Estuve meses en York buscando un rastrillo de metal y no lo encontraba. Fui a varias tiendas y ferreterías, a garage sales, a pulgueros y nada. Un día paseando con Maricarmen pasamos por un granero que han convertido en tienda de antigüedades y nos paramos a darle una visita. Al entrar observé que tenían una gran cantidad de herramientas. No pasaron cinco minutos cuando Maricarmen me dijo que se quería ir -las herramientas no son lo suyo-, pero ya a punto de salir en una esquina vi un barril lleno de rastrillos. El niño se apoderó de mi y emocionado empecé a sacarlos uno a uno del barril hasta encontrar uno casi igual al de mi Viejo.
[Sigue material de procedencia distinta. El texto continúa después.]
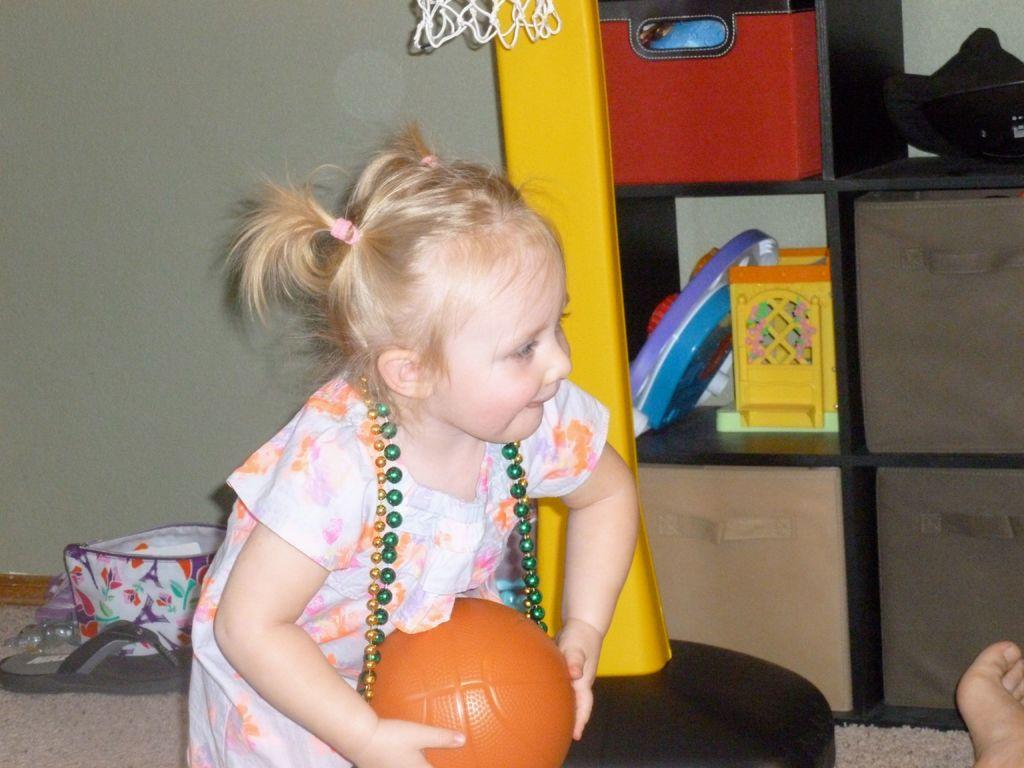Who is the main subject in the image? There is a girl in the image. What is the girl holding in the image? The girl is holding a ball. Can you describe any other objects visible in the image? Yes, there are objects visible in the image. What type of footwear can be seen in the image? There is footwear in the image. What time does the girl's ring indicate in the image? There is no ring present in the image, so it is not possible to determine the time.

Lo miré de arriba a abajo y empecé a contar, «Uno, dos, tres… no lo podía creer… veinte y cuatro, veinte y cinco y ¡¡¡veinte y seis!!!» Pagué los ocho dólares y me lo llevé pa’ casa feliz como si se tratara de un juguete en Nochebuena.

Cada otoño acomodo las hojas al pie de los árboles y arbustos para que poco a poco se descompongan y vuelvan a ser nutrientes y alimento para ellos, mientras escucho la música de mi rastrillo sembrándome de recuerdos.